Suriye lideri Ahmet Şara ile SDG komutanı Mazlum Abdi arasında imzalanan anlaşma, PYD'nin meşruiyet kazanıp kazanmadığı ve sığınmacıların geri dönüşü konularında önemli sorular doğuruyor. Bu anlaşma, Suriye'nin geleceği açısından kritik bir dönüm noktası olarak değerlendiriliyor. Uluslararası İlişkiler Uzmanı Prof. Dr. Hasan Ünal, bu anlaşmanın içeriği ve sonuçları hakkında önemli değerlendirmelerde bulundu.
Prof. Dr. Hasan Ünal, imzalanan anlaşmanın bir federasyon anlaşması olduğunu belirtti. Anlaşmanın 8 maddeden oluştuğunu ifade eden Ünal, bu durumun PKK/PYD için meşruiyet anlamına gelip gelmediğini sorguladı. Anlaşmanın tarafları arasında Suriye devleti ve SDG'nin bulunduğunu vurguladı. Özellikle 6. maddede, “Suriye devletinin Esad rejiminin kalıntıları ve ülkenin güvenliğiyle birliğini tehdit eden tüm unsurlara karşı mücadelesine destek sağlanması” ifadesinin yer aldığını belirtti.
Bu durum, Suriye devleti ve SDG'nin birlikte hareket ettiğini gösteriyor. Ünal, bu anlaşmanın ardından Türkiye'nin Suriye'deki örgütlere nasıl bir yaklaşım sergileyeceğini merak ettiğini dile getirdi. Kravatlı Teröristler dönemine geçildiğini ifade eden Ünal, Ahmet eş Şara'nın ilk kravat takan kişi olduğunu ve Mazlum Abdi'nin de muhtemelen benzer bir duruma gireceğini belirtti.

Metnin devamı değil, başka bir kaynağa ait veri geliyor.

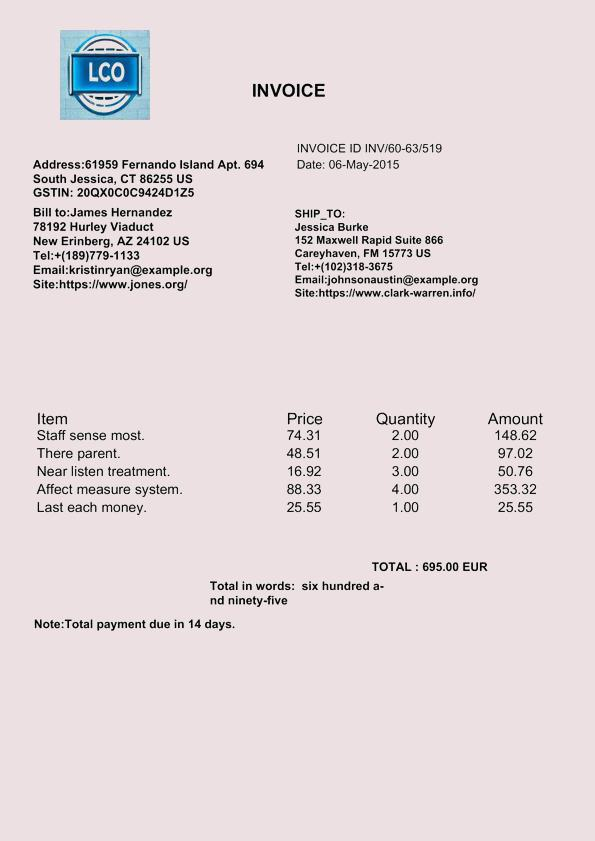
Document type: Invoice
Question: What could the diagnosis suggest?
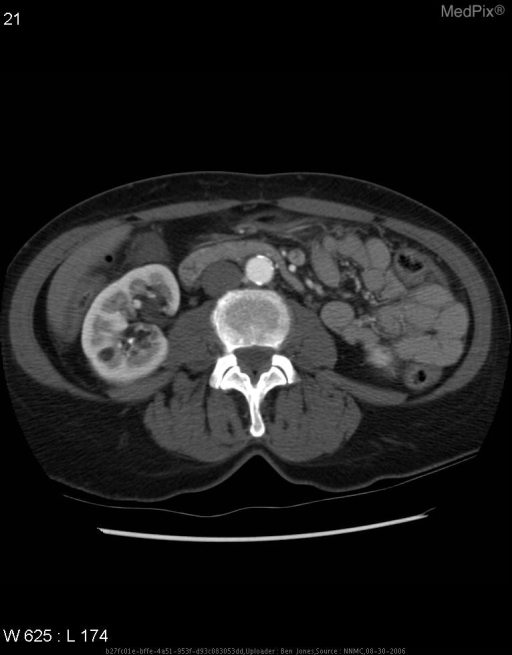
Answer: The possible diagnosis includes Renal cell carcinoma, Teratoma, Oncocytoma, Xanthogranulomatous pyelonephritis, Wilms tumor, Liposarcoma, Angiomyolipoma. (1).
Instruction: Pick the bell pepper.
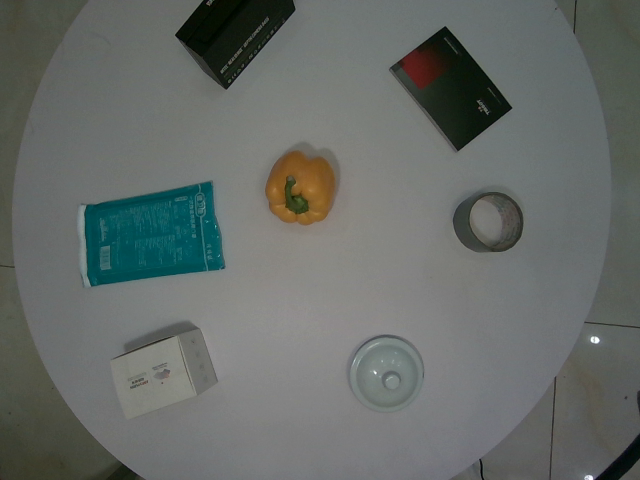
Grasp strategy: vertical
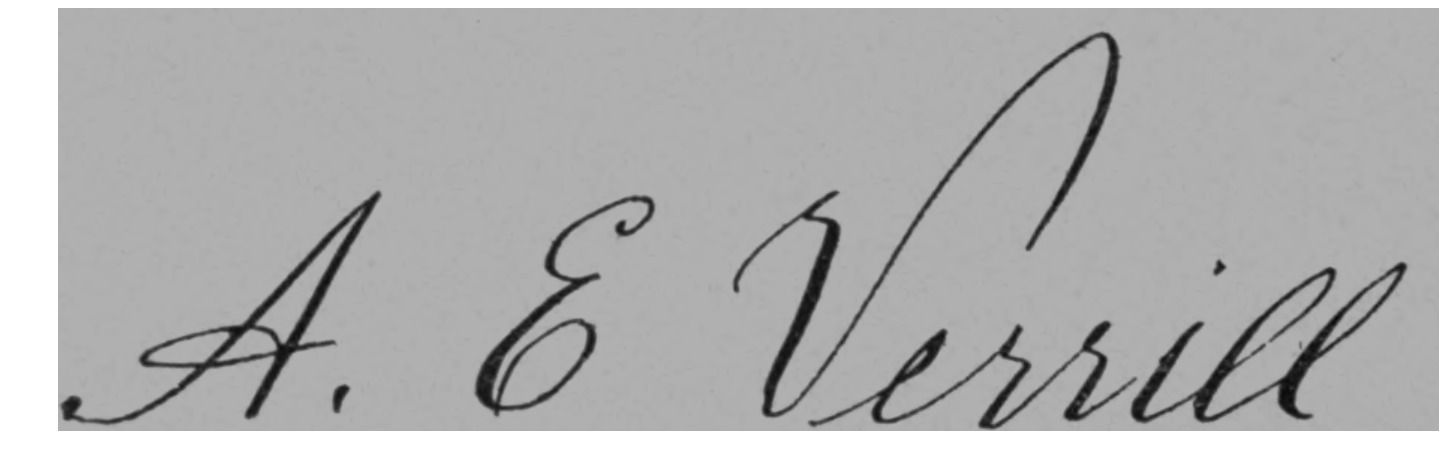
Signature of: addison emery verrill
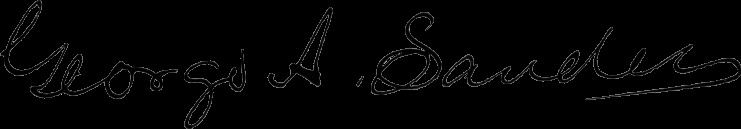
Signature of: george a sanders
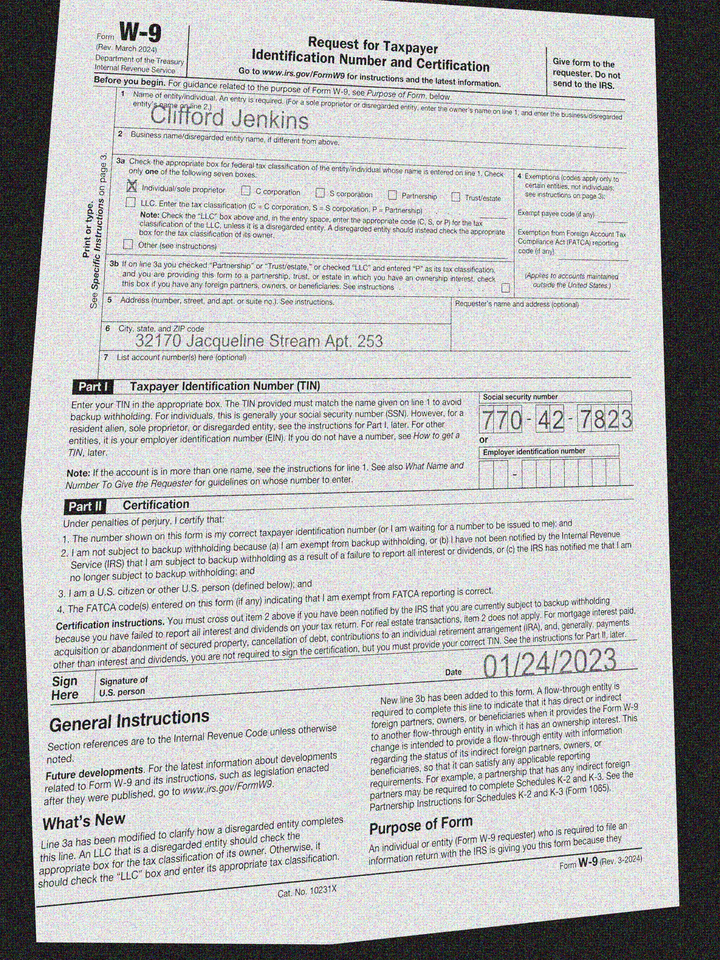
adr1: 32170 Jacqueline Stream Apt. 253
cbx: yes
ssn: 770427823
enm: Clifford Jenkins
sdt: 01/24/2023
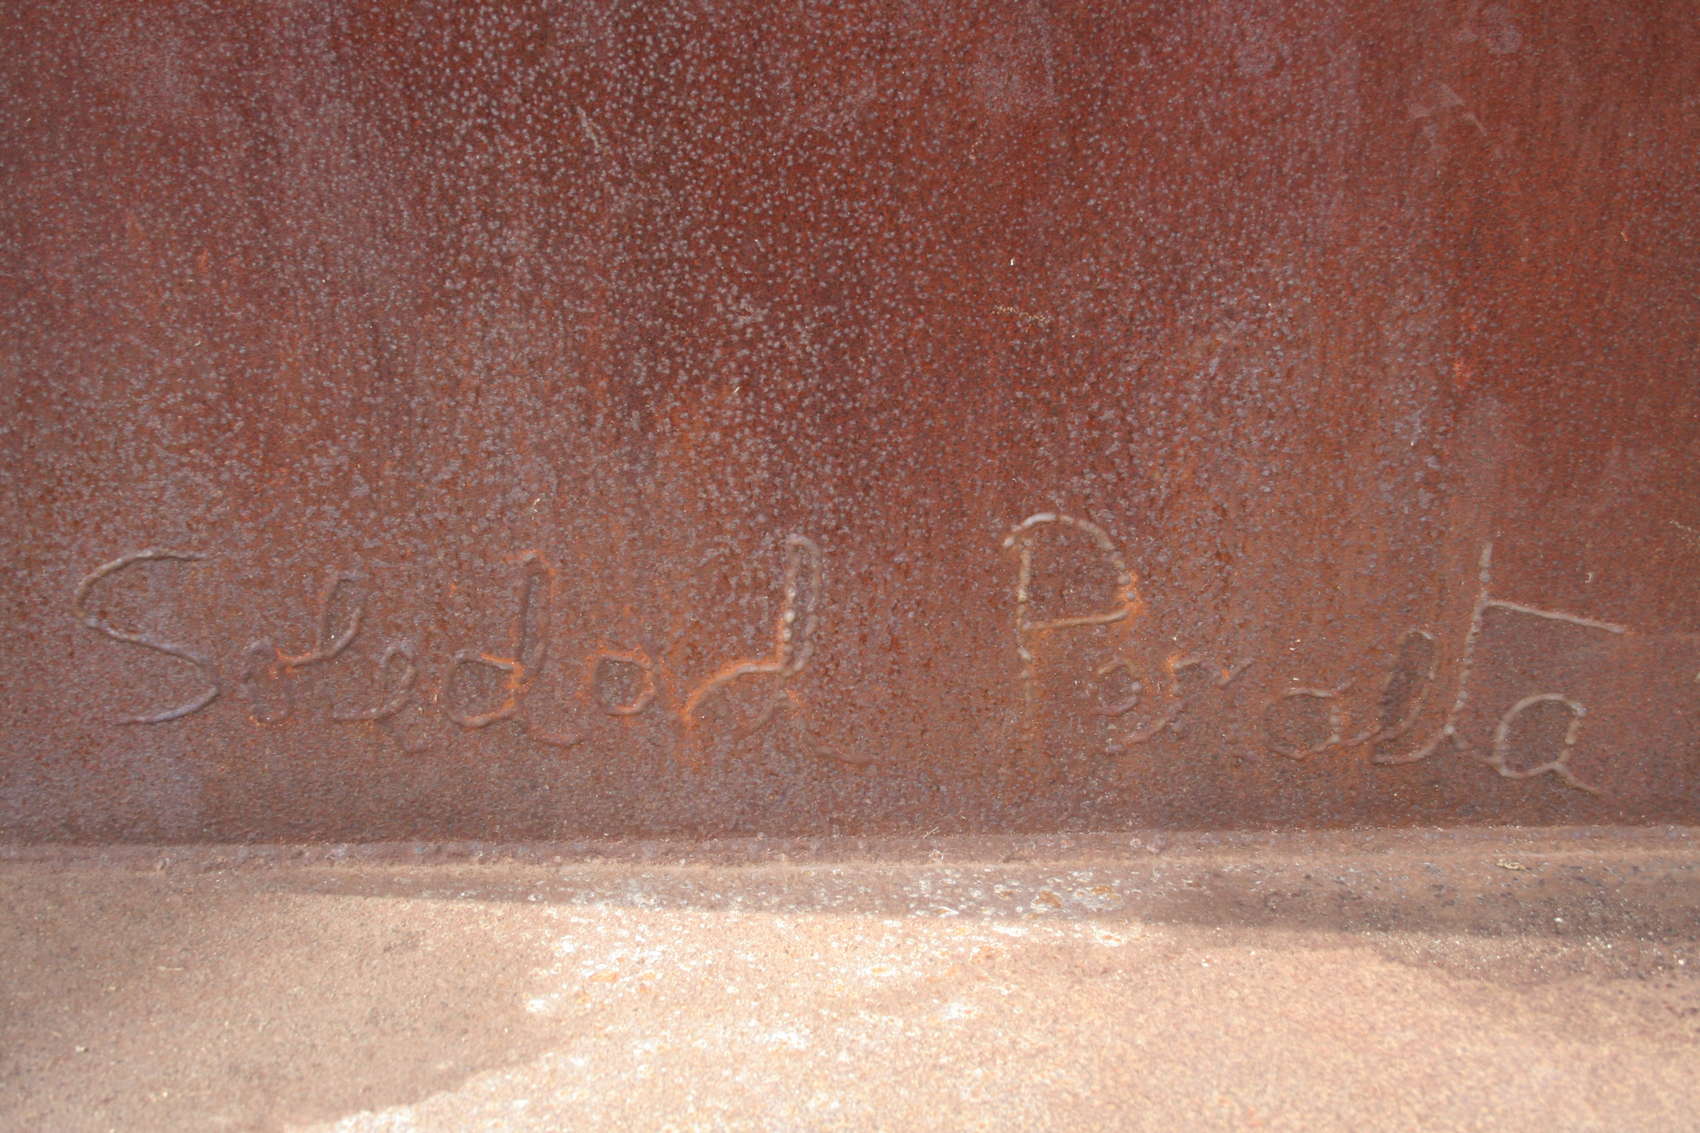
Signature of: soledad penalta

Ünal, Suriye'deki HTŞ'nin yönetimi ele geçirmesinin ardından Türkiye'nin Suriye'nin üniter yapısının önemini anladığını ifade etti. Cumhurbaşkanı ve Türk hükümetinin, herkesin kendisini içinde bulacağı bir anayasa fikrinin doğru olmadığını belirttiklerini aktardı. Hakan Fidan'ın, Ocak ayında Suriye'nin adının “Suriye Arap Cumhuriyeti” olacağını söylemesi, Suriye'nin milli devlet yapısının korunacağı anlamına geliyor.

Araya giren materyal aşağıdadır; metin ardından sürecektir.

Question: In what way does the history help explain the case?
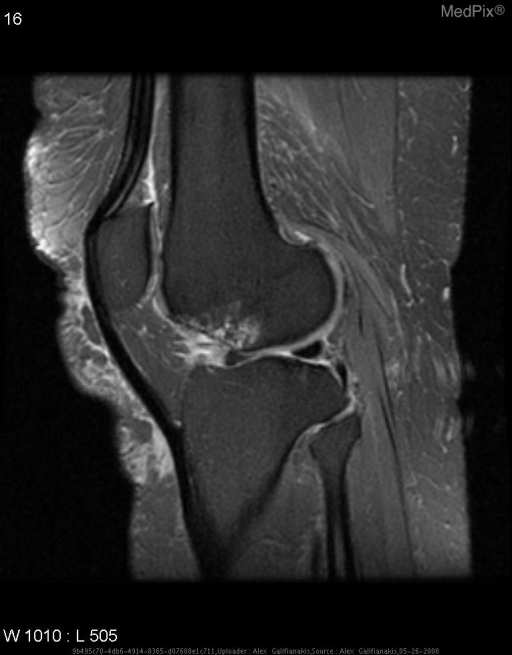
Answer: The patient's history of 72 year old female with knee pain. is key in understanding the case.
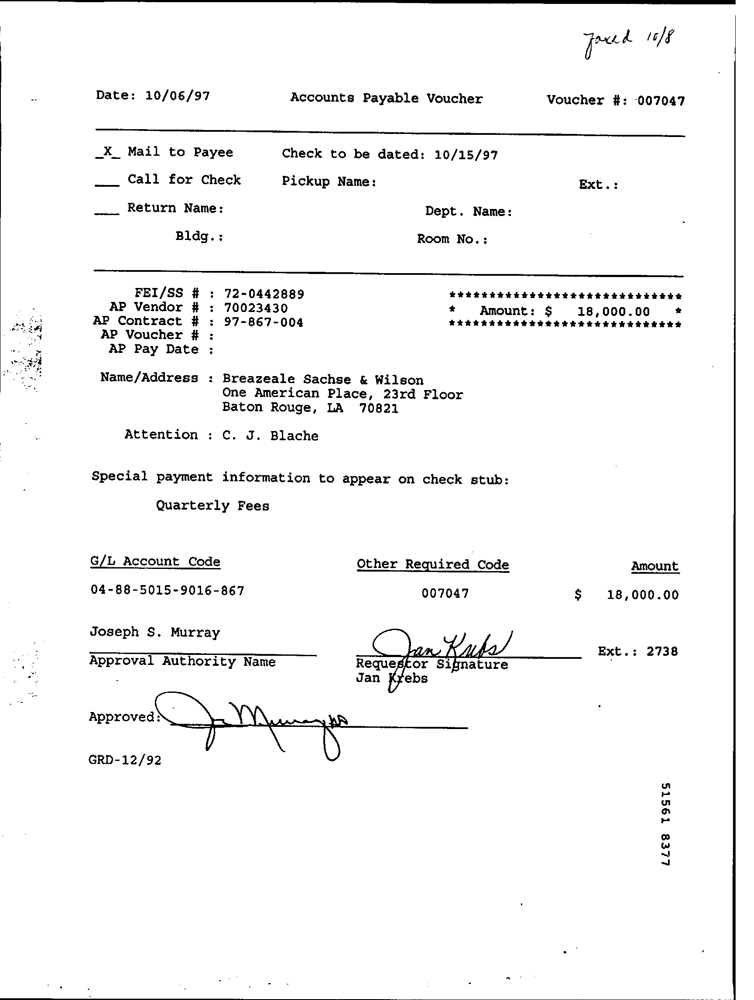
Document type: Invoice

Anlaşmada, “Kürt toplumunun Suriye devletinin asli bir unsuru olarak tanınması ve vatandaşlık ile anayasal haklarının güvence altına alınması” ifadesinin yer alması, diğer toplumların da anayasal haklarının güvence altına alınacağı anlamına gelebilir. Dürzi'lerin, Suriye'nin federasyon olmasını talep ettikleri ve aksi takdirde İsrail'e bağlanacaklarını ifade ettikleri biliniyor.
Prof. Dr. Ünal, anlaşmanın içeriğinde “Mültecilerin güvenli dönüşü” ile ilgili bir maddenin yer almasının dikkat çekici olduğunu belirtti. Bu durumun, Türkiye'nin kontrolündeki topraklara geri dönüşü ifade edebileceğini düşündüğünü aktardı. Normalde, Suriyelilerin geri dönüşü ve garantileri konusunun Suriye devletinin tek taraflı bir konusu olduğunu belirtti.
Türkiye'nin, “isteyenler gider” yaklaşımını sürdürdüğünü ifade eden Ünal, bu maddenin anlaşmaya eklenmesinin, Türkiye'nin kontrolündeki topraklara geri dönüşleri gündeme getirdiğini belirtti. Bu durum, ilerleyen süreçte Türkiye'ye “Suriye’den çekil” çağrılarının yapılmasına neden olabilir.
Sonuç olarak, Suriye'deki bu yeni anlaşma, bölgedeki dinamikleri değiştirebilir. Suriye karabasanının yeni bir aşamaya girdiği düşünülüyor. Anlaşmanın içeriği ve tarafların tutumları, Suriye'nin geleceği açısından kritik bir öneme sahip. Sığınmacıların durumu ve Türkiye'nin rolü, önümüzdeki dönemde daha fazla tartışılacak konular arasında yer alıyor.
Bu gelişmeler, Suriye'deki iç savaşın sona erip ermediği konusunda belirsizlik yaratıyor. Anlaşmanın uygulanabilirliği ve tarafların niyetleri, Suriye'nin geleceği üzerinde belirleyici bir etkiye sahip olacak. Suriye'deki bu yeni dönem, uluslararası ilişkiler açısından da önemli sonuçlar doğurabilir.